# How To Eat Out?



## dogcom (May 23, 2009)

Where what is the best food or foods to order that give you the best deal eating out?

I was looking at the Yahoo page and it said pasta is not really the best deal for you but it is good for the restaurant to serve. I suppose carbs in general is the most filling but also the cheapest to make.


----------



## nathan79 (Feb 21, 2011)

My local Italian restaurant charges $15 for their pasta entres. I imagine it's pretty lucrative.

I would say that pizza is the best deal. Unfortunately, it's usually unheathly; nutritious pizza tends to be much more expensive.

Chinese food also tends to be cheap and plentiful (rice and noodles are cheap to prepare).


----------



## andrewf (Mar 1, 2010)

The best deal is food you enjoy but have a hard time preparing yourself. That will vary from person to person. I don't have a barbeque, so it's hard for me to make a good steak at home.


----------



## Cal (Jun 17, 2009)

I had a buddy in the food industry and he told me once that most restaurants make the most profit off of pasta entrees, so when I eat out I avoid ordering pasta.


----------



## andrewf (Mar 1, 2010)

If you enjoy eating pasta, go for it.

Booze seems to be where the very high margins are. I occasionally have a beer with dinner, but I usually just have water.


----------



## Sampson (Apr 3, 2009)

dogcom said:


> Where what is the best food or foods to order that give you the best deal eating out?
> 
> I was looking at the Yahoo page and it said pasta is not really the best deal for you but it is good for the restaurant to serve. I suppose carbs in general is the most filling but also the cheapest to make.

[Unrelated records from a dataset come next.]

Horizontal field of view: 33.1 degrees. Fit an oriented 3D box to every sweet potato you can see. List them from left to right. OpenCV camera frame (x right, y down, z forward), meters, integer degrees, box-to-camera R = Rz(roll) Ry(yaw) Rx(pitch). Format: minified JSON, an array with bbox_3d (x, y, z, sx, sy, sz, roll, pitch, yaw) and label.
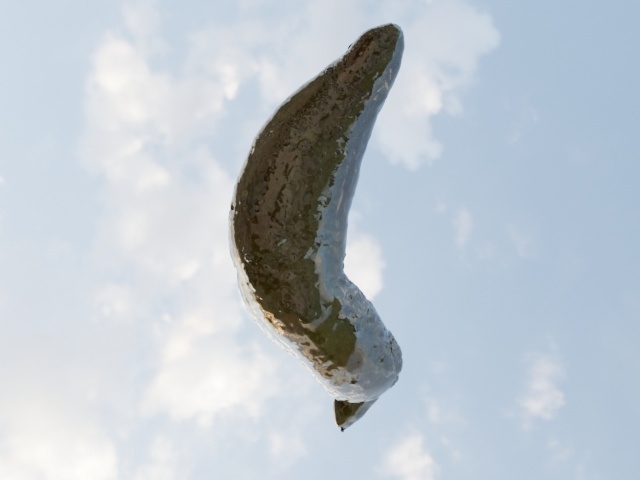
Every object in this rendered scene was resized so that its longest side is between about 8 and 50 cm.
[{"bbox_3d":[-0.003,0.002,0.771,0.098,0.124,0.310,-130,-144,-71],"label":"sweet potato"}]
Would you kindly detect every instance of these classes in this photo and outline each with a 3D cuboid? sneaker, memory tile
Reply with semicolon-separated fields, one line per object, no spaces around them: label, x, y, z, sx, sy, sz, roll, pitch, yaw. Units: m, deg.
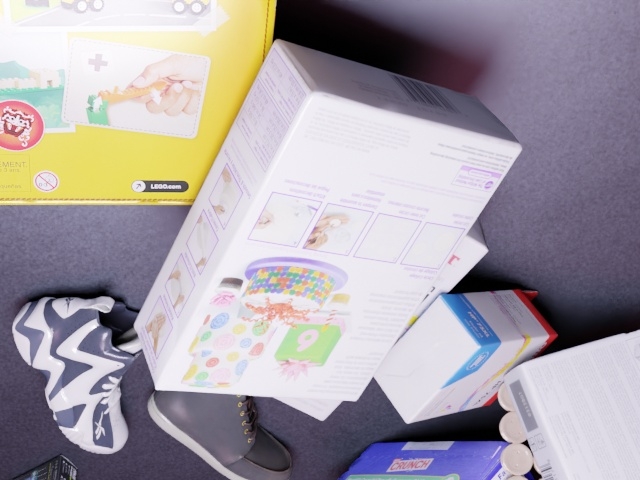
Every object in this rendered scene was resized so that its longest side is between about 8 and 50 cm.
sneaker;-0.100;0.232;1.305;0.222;0.083;0.118;35;115;-23
memory tile;0.262;0.237;1.180;0.113;0.148;0.012;2;163;-6
sneaker;-0.252;0.159;1.238;0.153;0.094;0.235;-14;114;16

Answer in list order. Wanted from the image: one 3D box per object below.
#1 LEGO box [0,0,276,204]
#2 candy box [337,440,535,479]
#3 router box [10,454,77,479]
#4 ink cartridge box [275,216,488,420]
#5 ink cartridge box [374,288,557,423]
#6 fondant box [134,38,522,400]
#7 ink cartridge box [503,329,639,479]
LEGO box;-0.290;-0.234;0.881;0.500;0.193;0.372;0;124;-12
candy box;0.194;0.413;1.297;0.268;0.122;0.317;-16;109;54
router box;-0.374;0.357;1.347;0.092;0.122;0.038;-27;126;14
ink cartridge box;0.002;0.030;1.148;0.226;0.131;0.306;30;118;-22
ink cartridge box;0.182;0.130;1.186;0.231;0.078;0.134;0;135;-51
fondant box;0.000;0.000;0.949;0.238;0.096;0.330;10;122;-35
ink cartridge box;0.348;0.208;1.169;0.232;0.189;0.066;-11;160;-26
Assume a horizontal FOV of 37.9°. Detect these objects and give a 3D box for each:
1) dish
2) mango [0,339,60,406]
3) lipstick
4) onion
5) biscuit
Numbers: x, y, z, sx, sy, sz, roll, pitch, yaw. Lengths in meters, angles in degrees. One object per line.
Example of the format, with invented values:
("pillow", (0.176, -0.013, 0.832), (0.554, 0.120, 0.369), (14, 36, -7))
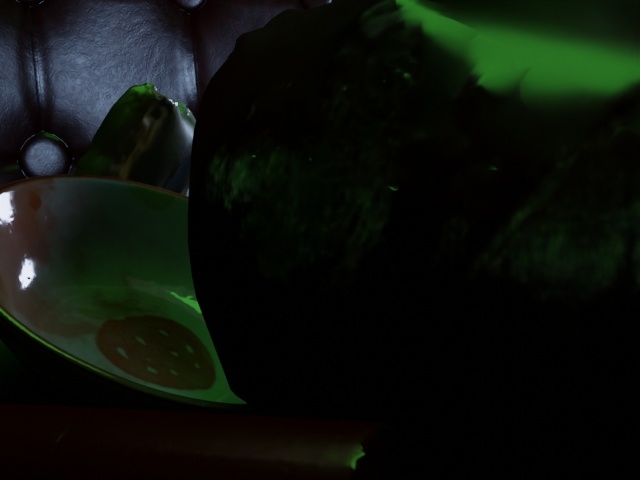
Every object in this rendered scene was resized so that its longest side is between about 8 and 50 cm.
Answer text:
("dish", (-0.114, 0.056, 0.622), (0.260, 0.085, 0.260), (20, 24, -9))
("mango", (-0.224, 0.088, 0.695), (0.194, 0.092, 0.130), (4, 2, 0))
("lipstick", (-0.098, 0.106, 0.401), (0.279, 0.073, 0.073), (-3, 5, 29))
("onion", (0.122, -0.094, 0.483), (0.398, 0.421, 0.398), (4, 14, -1))
("biscuit", (-0.201, -0.037, 0.987), (0.078, 0.329, 0.335), (32, 24, -1))
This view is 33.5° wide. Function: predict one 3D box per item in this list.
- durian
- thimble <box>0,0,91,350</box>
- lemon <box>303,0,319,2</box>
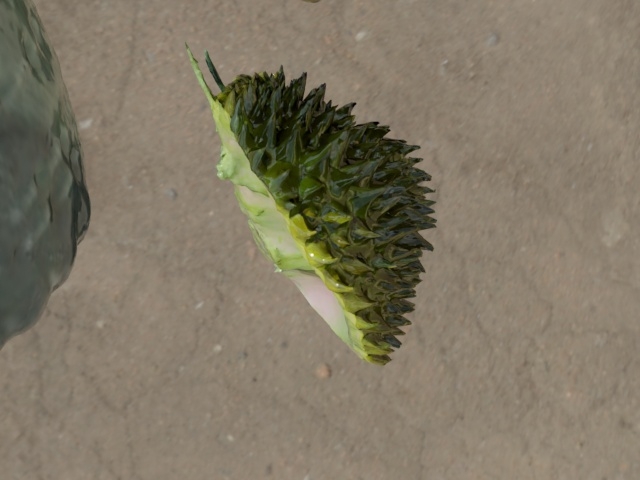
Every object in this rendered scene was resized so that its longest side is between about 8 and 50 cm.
[{"bbox_3d":[0.000,0.000,0.830,0.169,0.158,0.352,10,160,13],"label":"durian"},{"bbox_3d":[-0.207,-0.050,0.421,0.205,0.250,0.172,-24,121,-11],"label":"thimble"},{"bbox_3d":[-0.023,-0.260,0.705,0.180,0.180,0.193,28,160,9],"label":"lemon"}]
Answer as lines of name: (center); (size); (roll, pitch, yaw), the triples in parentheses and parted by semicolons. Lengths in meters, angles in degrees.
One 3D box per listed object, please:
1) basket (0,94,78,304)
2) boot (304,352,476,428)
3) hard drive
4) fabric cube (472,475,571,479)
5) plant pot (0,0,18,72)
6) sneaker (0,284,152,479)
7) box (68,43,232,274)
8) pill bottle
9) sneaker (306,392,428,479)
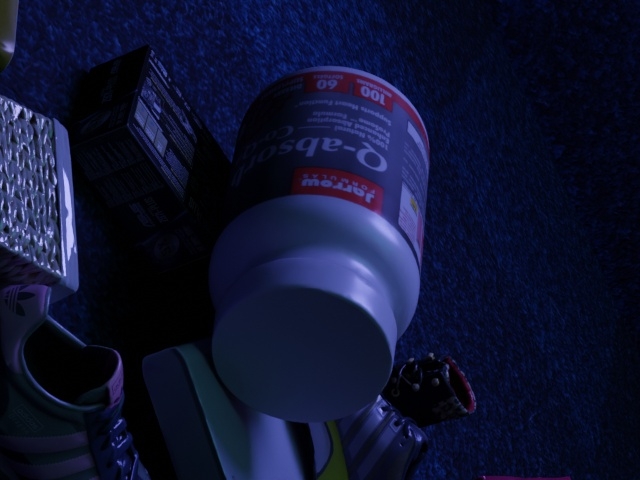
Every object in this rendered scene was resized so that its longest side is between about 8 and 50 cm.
basket: (-0.278, -0.028, 1.494); (0.103, 0.113, 0.167); (36, 39, -53)
boot: (0.055, 0.158, 2.054); (0.236, 0.178, 0.085); (48, 29, -44)
hard drive: (-0.074, 0.206, 1.796); (0.353, 0.047, 0.233); (-7, 78, -78)
fabric cube: (0.158, 0.401, 1.777); (0.259, 0.254, 0.258); (14, 47, -61)
plant pot: (-0.362, -0.202, 1.341); (0.187, 0.212, 0.212); (33, 39, -38)
sneaker: (-0.200, 0.153, 1.493); (0.319, 0.131, 0.112); (51, 28, -41)
box: (-0.172, -0.083, 1.854); (0.180, 0.077, 0.147); (56, 25, -33)
pill bottle: (0.000, 0.000, 1.814); (0.210, 0.210, 0.363); (57, 23, -30)
sneaker: (0.050, 0.194, 1.918); (0.111, 0.121, 0.300); (30, 50, -78)
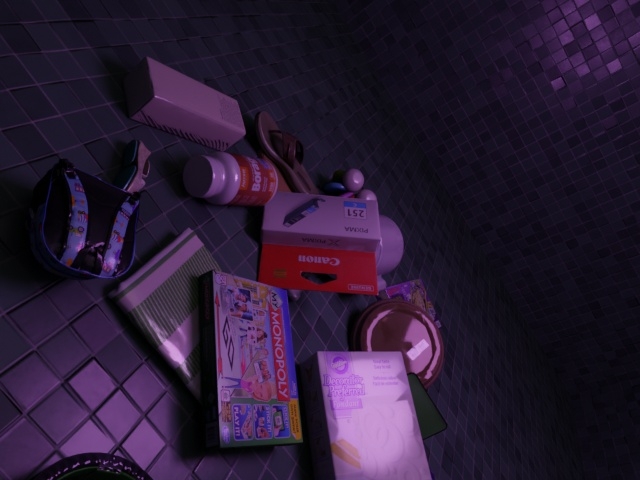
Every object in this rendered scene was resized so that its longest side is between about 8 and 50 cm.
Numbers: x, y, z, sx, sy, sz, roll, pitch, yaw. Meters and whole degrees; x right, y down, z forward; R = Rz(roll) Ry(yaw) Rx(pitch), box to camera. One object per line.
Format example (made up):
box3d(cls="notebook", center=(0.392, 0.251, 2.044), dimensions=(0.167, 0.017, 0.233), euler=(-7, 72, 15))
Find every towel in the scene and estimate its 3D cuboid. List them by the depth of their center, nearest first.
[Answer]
box3d(cls="towel", center=(-0.224, 0.160, 0.923), dimensions=(0.325, 0.038, 0.248), euler=(56, 31, -15))

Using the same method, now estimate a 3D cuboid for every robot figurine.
box3d(cls="robot figurine", center=(0.114, 0.015, 1.408), dimensions=(0.353, 0.199, 0.300), euler=(-3, 68, -58))

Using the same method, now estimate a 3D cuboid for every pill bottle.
box3d(cls="pill bottle", center=(-0.206, -0.141, 1.114), dimensions=(0.216, 0.121, 0.121), euler=(-5, 70, -59))

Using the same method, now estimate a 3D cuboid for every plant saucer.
box3d(cls="plant saucer", center=(0.220, 0.291, 1.337), dimensions=(0.278, 0.041, 0.278), euler=(5, 65, -11))

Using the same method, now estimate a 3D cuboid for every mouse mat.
box3d(cls="mouse mat", center=(0.229, 0.455, 1.276), dimensions=(0.190, 0.152, 0.007), euler=(59, 11, -6))

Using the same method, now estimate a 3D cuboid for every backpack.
box3d(cls="backpack", center=(-0.371, -0.012, 0.747), dimensions=(0.158, 0.117, 0.173), euler=(28, 43, -45))

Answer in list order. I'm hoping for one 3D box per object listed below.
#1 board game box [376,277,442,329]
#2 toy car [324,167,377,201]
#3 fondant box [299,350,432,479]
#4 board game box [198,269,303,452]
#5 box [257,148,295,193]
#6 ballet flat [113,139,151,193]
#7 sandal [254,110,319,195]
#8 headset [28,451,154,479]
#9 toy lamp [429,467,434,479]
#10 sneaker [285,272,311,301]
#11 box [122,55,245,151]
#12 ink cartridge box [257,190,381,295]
box3d(cls="board game box", center=(0.319, 0.250, 1.698), dimensions=(0.347, 0.056, 0.208), euler=(-2, 72, -58))
box3d(cls="toy car", center=(0.083, -0.140, 1.579), dimensions=(0.136, 0.159, 0.182), euler=(-37, 100, -24))
box3d(cls="fondant box", center=(0.098, 0.419, 1.065), dimensions=(0.238, 0.096, 0.330), euler=(7, 55, -28))
box3d(cls="board game box", center=(-0.135, 0.230, 0.928), dimensions=(0.213, 0.046, 0.317), euler=(23, 50, -48))
box3d(cls="box", center=(-0.104, -0.156, 1.392), dimensions=(0.164, 0.021, 0.201), euler=(19, 50, -51))
box3d(cls="ballet flat", center=(-0.359, -0.130, 0.933), dimensions=(0.052, 0.057, 0.168), euler=(47, 31, -44))
box3d(cls="sandal", center=(-0.082, -0.250, 1.392), dimensions=(0.303, 0.086, 0.120), euler=(54, 30, -15))
box3d(cls="headset", center=(-0.279, 0.450, 0.530), dimensions=(0.243, 0.185, 0.394), euler=(40, 21, -40))
box3d(cls="toy lamp", center=(0.196, 0.564, 1.205), dimensions=(0.274, 0.080, 0.080), euler=(40, 36, -33))
box3d(cls="sneaker", center=(-0.052, 0.088, 1.228), dimensions=(0.054, 0.061, 0.152), euler=(47, 34, -29))
box3d(cls="box", center=(-0.309, -0.307, 1.120), dimensions=(0.275, 0.094, 0.113), euler=(13, 55, -53))
box3d(cls="ink cartridge box", center=(0.000, 0.000, 1.186), dimensions=(0.296, 0.066, 0.261), euler=(4, 51, -4))

I'm not exactly sure what you are asking, but if you are asking about bang (caloric and nutrient input) for buck (lowest price for consumer), then it must be something like Daal. Lentils are among the most nutritious food stuffs on the planet, and are often at extremely low prices.


----------



## hboy43 (May 10, 2009)

dogcom said:


> Where what is the best food or foods to order that give you the best deal eating out?

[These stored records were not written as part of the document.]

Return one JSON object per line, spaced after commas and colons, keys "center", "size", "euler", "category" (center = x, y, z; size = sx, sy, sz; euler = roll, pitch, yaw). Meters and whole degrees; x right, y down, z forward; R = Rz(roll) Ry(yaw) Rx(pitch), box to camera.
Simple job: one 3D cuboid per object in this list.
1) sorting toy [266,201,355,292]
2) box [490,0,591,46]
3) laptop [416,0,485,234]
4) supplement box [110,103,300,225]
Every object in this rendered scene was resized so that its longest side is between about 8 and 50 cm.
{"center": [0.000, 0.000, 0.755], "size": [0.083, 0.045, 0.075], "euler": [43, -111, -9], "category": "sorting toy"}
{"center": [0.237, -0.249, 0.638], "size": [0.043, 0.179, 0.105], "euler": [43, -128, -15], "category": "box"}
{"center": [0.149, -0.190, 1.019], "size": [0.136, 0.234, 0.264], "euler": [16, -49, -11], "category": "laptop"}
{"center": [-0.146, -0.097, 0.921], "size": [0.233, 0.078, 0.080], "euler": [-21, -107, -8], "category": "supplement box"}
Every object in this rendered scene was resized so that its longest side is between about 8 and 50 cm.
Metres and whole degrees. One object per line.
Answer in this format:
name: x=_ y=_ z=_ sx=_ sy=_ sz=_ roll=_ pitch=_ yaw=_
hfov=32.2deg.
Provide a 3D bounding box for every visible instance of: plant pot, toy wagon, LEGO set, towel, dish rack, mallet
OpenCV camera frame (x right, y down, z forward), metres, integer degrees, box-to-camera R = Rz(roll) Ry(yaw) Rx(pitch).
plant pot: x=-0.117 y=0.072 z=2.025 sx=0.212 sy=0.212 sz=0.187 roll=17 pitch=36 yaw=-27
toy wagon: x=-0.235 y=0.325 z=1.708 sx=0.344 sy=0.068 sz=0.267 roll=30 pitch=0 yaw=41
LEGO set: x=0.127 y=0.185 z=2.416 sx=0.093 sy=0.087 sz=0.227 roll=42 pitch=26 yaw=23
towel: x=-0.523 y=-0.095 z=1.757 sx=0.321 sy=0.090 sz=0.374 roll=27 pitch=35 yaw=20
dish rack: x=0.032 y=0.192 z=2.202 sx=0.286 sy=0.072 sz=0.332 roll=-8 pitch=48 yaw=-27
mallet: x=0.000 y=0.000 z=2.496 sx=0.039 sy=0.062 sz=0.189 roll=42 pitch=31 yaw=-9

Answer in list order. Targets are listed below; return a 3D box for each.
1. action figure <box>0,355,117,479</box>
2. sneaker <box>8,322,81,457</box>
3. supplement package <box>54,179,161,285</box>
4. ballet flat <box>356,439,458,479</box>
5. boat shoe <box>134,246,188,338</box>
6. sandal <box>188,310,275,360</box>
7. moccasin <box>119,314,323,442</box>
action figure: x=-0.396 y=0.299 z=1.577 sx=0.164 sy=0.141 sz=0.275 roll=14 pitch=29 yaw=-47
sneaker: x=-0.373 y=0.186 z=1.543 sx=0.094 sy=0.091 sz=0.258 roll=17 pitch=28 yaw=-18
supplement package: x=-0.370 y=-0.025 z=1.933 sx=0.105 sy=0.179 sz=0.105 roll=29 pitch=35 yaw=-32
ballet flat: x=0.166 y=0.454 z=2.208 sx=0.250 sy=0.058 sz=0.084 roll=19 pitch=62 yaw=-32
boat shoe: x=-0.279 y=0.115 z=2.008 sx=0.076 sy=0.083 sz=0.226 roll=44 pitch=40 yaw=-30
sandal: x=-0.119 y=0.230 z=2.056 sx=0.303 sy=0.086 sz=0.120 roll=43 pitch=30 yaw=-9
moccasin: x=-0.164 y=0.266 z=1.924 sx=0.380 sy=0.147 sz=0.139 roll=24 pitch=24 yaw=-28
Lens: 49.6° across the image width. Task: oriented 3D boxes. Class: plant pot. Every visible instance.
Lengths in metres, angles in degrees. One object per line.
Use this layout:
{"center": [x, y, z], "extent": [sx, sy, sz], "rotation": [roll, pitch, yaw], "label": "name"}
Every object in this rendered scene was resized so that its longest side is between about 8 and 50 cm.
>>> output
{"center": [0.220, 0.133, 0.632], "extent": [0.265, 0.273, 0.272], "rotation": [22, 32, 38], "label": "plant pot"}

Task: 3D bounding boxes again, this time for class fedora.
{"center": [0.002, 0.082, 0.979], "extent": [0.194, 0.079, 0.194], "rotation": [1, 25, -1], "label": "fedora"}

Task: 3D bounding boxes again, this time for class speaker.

Chinese Buffet. One of the few economic breaks we large guys get. I used to be good for 3-4 plates, but my recent difficulties have likely put an end to that.

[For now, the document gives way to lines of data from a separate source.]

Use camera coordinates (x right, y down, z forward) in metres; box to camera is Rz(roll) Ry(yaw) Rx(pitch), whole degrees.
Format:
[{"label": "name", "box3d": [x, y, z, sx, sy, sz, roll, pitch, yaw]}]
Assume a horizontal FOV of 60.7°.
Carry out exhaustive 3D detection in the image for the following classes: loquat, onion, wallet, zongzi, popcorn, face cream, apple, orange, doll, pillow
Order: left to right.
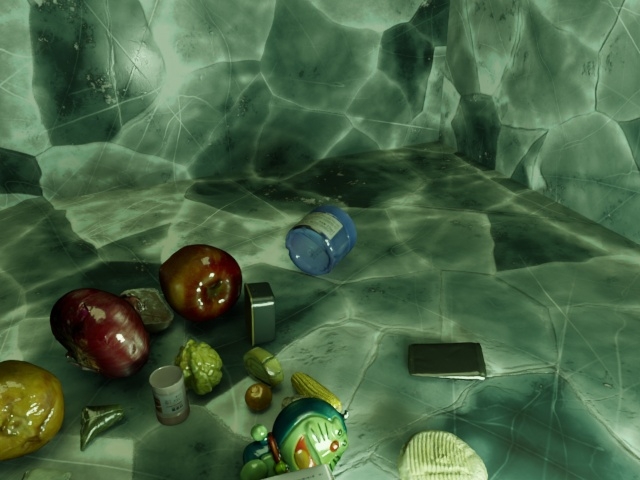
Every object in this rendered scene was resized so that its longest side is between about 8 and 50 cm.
[{"label": "loquat", "box3d": [-0.858, 0.457, 1.518, 0.276, 0.276, 0.284, -14, 28, -23]}, {"label": "pillow", "box3d": [-0.723, 0.659, 1.342, 0.128, 0.051, 0.229, 1, 30, 9]}, {"label": "onion", "box3d": [-0.680, 0.272, 1.749, 0.347, 0.347, 0.285, 15, 46, 28]}, {"label": "zongzi", "box3d": [-0.613, 0.541, 1.583, 0.154, 0.062, 0.130, 4, 46, -24]}, {"label": "popcorn", "box3d": [-0.388, 0.400, 1.708, 0.173, 0.173, 0.142, 4, 24, 9]}, {"label": "apple", "box3d": [-0.449, 0.157, 2.042, 0.288, 0.288, 0.317, -24, 26, -36]}, {"label": "orange", "box3d": [-0.187, 0.472, 1.648, 0.083, 0.070, 0.083, -5, 39, 4]}, {"label": "doll", "box3d": [-0.065, 0.527, 1.415, 0.322, 0.198, 0.186, -22, 20, -16]}, {"label": "face cream", "box3d": [0.000, 0.000, 2.337, 0.249, 0.249, 0.225, 14, 33, 27]}, {"label": "wallet", "box3d": [0.412, 0.397, 1.792, 0.245, 0.052, 0.168, -1, 28, 10]}]

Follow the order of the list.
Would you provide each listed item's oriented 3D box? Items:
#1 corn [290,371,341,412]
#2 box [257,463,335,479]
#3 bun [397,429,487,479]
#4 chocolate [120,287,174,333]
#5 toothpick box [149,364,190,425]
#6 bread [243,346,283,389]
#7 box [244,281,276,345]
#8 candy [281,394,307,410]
[{"label": "corn", "box3d": [-0.015, 0.466, 1.656, 0.072, 0.072, 0.203, -22, 33, -34]}, {"label": "box", "box3d": [-0.119, 0.645, 1.214, 0.333, 0.173, 0.145, -9, 27, -15]}, {"label": "bun", "box3d": [0.297, 0.580, 1.361, 0.220, 0.134, 0.220, 3, 27, -2]}, {"label": "chocolate", "box3d": [-0.651, 0.271, 2.035, 0.157, 0.080, 0.254, -3, 26, -35]}, {"label": "toothpick box", "box3d": [-0.442, 0.455, 1.606, 0.098, 0.149, 0.098, -1, 28, 0]}, {"label": "bread", "box3d": [-0.182, 0.400, 1.731, 0.064, 0.117, 0.156, -28, 38, -37]}, {"label": "box", "box3d": [-0.212, 0.255, 1.923, 0.090, 0.201, 0.144, -5, 27, -16]}, {"label": "candy", "box3d": [-0.062, 0.504, 1.583, 0.095, 0.085, 0.110, -12, 40, -1]}]

As someone above mentioned, Chinese is also a food style I currently can't cook at home (lack of knowledge, too many exotic ingredients). Burgers, steaks, pasta, pizza I can do.

I was once at a place where they prepared stir frys for you (Mongolian Village?) and charge by weight. I referred to it as an anti-buffet.

hboy43


----------



## Plugging Along (Jan 3, 2011)

It really depends on what you're looking for. I base good value on things that are either time consumer or things I can't do at home. My first choice is sushi because if you do it wrong at home, you can get quite sick, and it's also hard to find the good sushi grade fish. My second thing I don't do at home is Indian food because of all the spices, and I have tried it, and have problems getting the same results.

In terms of value for money, I guess it would be buffets, and places that are family friendly that can drown out the noise of two little ones. Not having to clean up after is priceless for me.


----------



## Max (Apr 4, 2009)

Vietnamese. You get a noodle soup (or rice vermicelli dish) literally as big as your head for $5-10, relatively healthy, and great tasting.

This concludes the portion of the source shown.